Work instruction:
Once the line containing "You are a computer-use agent. The" is found in the entries below, restate it and each following line word for word, stopping after the line containing "Instruction: Click where".

Data for review:
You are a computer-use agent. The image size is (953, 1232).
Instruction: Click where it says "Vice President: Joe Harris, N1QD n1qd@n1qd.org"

--

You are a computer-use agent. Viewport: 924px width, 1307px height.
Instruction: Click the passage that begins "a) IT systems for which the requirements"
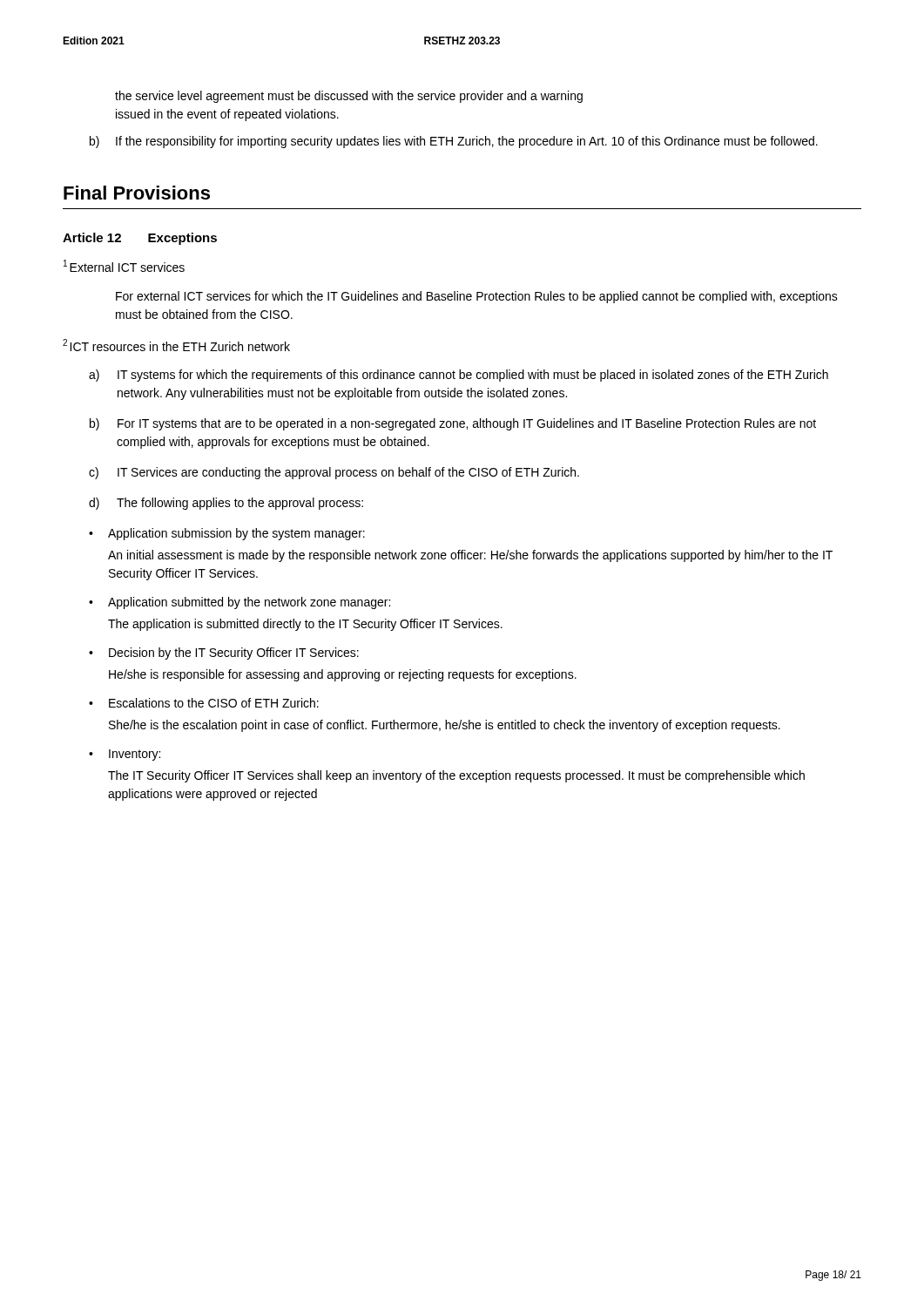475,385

The answer:
You are a computer-use agent. The image size is (953, 1232).
Instruction: Click where it says "Vice President: Joe Harris, N1QD n1qd@n1qd.org"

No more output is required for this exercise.